#### [INSTRUCTIONS FOR THE TASK]
Copy each line of the entries beneath that contains the word "Dronryp".

#### [ENTRIES SUPPLIED]
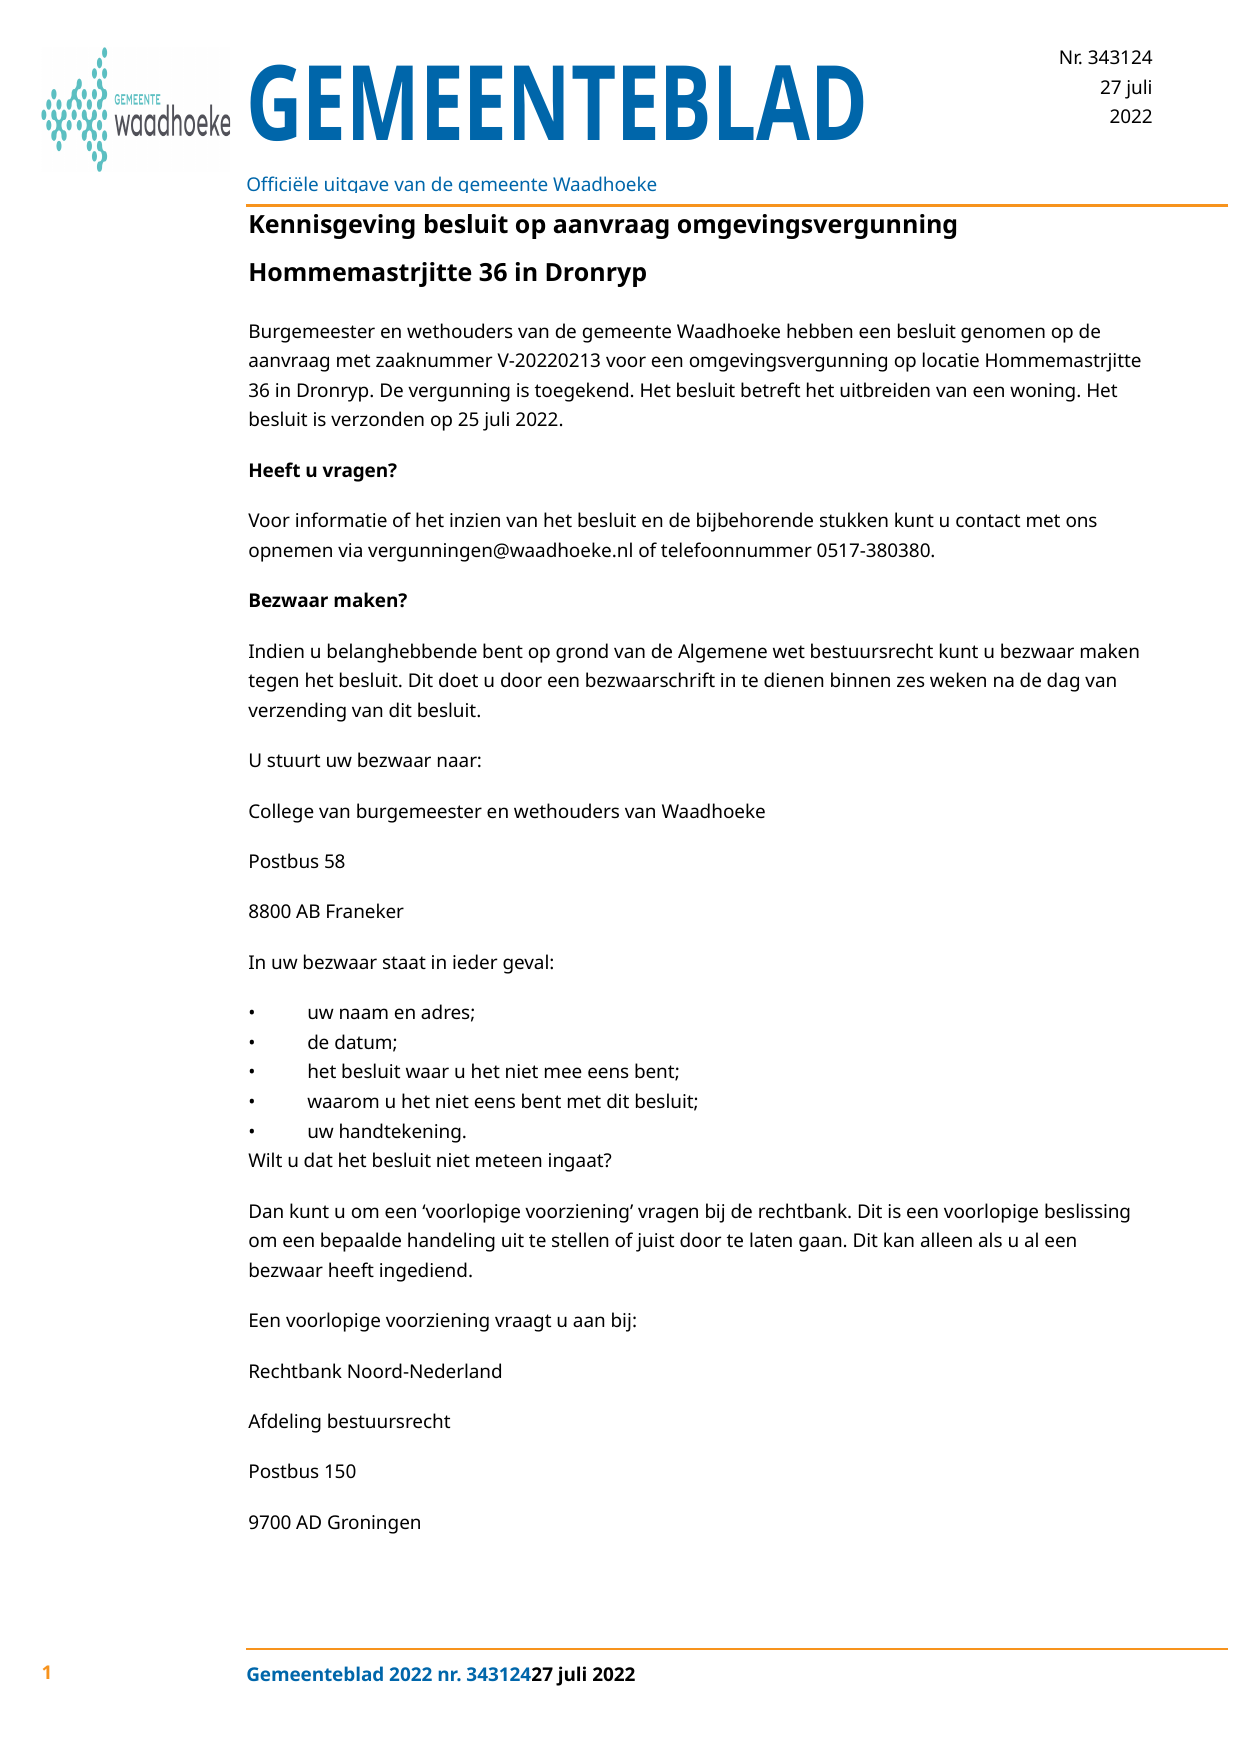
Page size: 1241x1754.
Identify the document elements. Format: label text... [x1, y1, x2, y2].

list uw handtekening. [248, 1118, 1152, 1144]
text In uw bezwaar staat in ieder geval: [248, 949, 1152, 975]
text Burgemeester en wethouders van de gemeente Waadhoeke hebben een besluit genomen op de aanvraag met zaaknummer V-20220213 voor een omgevingsvergunning op locatie Hommemastrjitte 36 in Dronryp. De vergunning is toegekend. Het besluit betreft het uitbreiden van een woning. Het besluit is verzonden op 25 juli 2022. [248, 318, 1152, 432]
text Indien u belanghebbende bent op grond van de Algemene wet bestuursrecht kunt u bezwaar maken tegen het besluit. Dit doet u door een bezwaarschrift in te dienen binnen zes weken na de dag van verzending van dit besluit. [248, 638, 1152, 723]
text 8800 AB Franeker [248, 899, 1152, 924]
text Postbus 58 [248, 848, 1152, 874]
list de datum; [248, 1029, 1152, 1055]
text College van burgemeester en wethouders van Waadhoeke [248, 798, 1152, 824]
list het besluit waar u het niet mee eens bent; [248, 1059, 1152, 1084]
picture [41, 47, 231, 172]
list waarom u het niet eens bent met dit besluit; [248, 1088, 1152, 1114]
text Kennisgeving besluit op aanvraag omgevingsvergunning Hommemastrjitte 36 in Dronryp [248, 207, 1152, 288]
text Heeft u vragen? [248, 457, 1152, 483]
text Een voorlopige voorziening vraagt u aan bij: [248, 1307, 1152, 1333]
text Wilt u dat het besluit niet meteen ingaat? [248, 1147, 1152, 1173]
text Postbus 150 [248, 1459, 1152, 1484]
text Voor informatie of het inzien van het besluit en de bijbehorende stukken kunt u contact met ons opnemen via vergunningen@waadhoeke.nl of telefoonnummer 0517-380380. [248, 507, 1152, 563]
text Rechtbank Noord-Nederland [248, 1358, 1152, 1384]
list uw naam en adres; [248, 999, 1152, 1025]
text Dan kunt u om een ‘voorlopige voorziening’ vragen bij de rechtbank. Dit is een voorlopige beslissing om een bepaalde handeling uit te stellen of juist door te laten gaan. Dit kan alleen als u al een bezwaar heeft ingediend. [248, 1198, 1152, 1283]
text 9700 AD Groningen [248, 1509, 1152, 1535]
text Afdeling bestuursrecht [248, 1408, 1152, 1434]
text Bezwaar maken? [248, 587, 1152, 613]
text U stuurt uw bezwaar naar: [248, 747, 1152, 773]
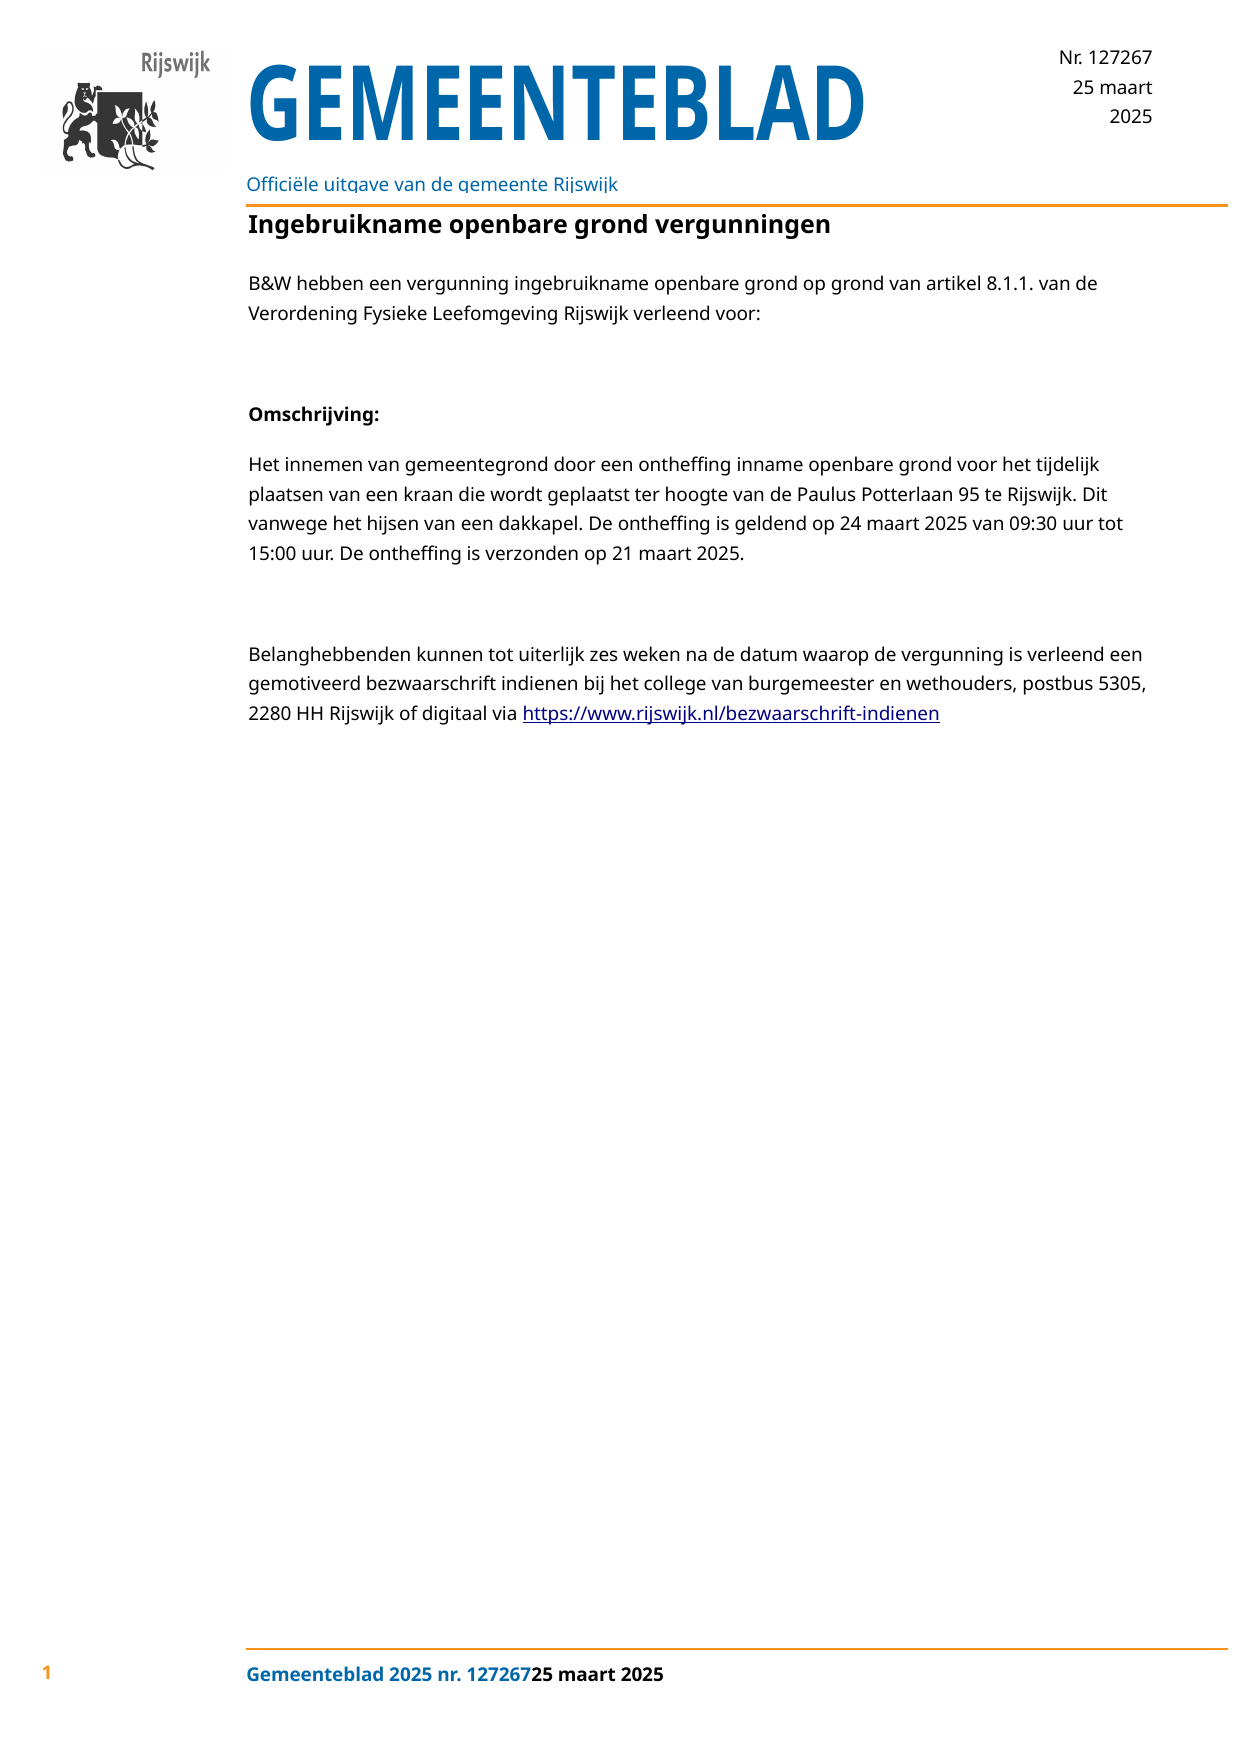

#### [OUTPUT OF THE TASK]
text Burgemeester en wethouders van de gemeente Waadhoeke hebben een besluit genomen op de aanvraag met zaaknummer V-20220213 voor een omgevingsvergunning op locatie Hommemastrjitte 36 in Dronryp. De vergunning is toegekend. Het besluit betreft het uitbreiden van een woning. Het besluit is verzonden op 25 juli 2022. [248, 318, 1152, 432]
text Kennisgeving besluit op aanvraag omgevingsvergunning Hommemastrjitte 36 in Dronryp [248, 207, 1152, 288]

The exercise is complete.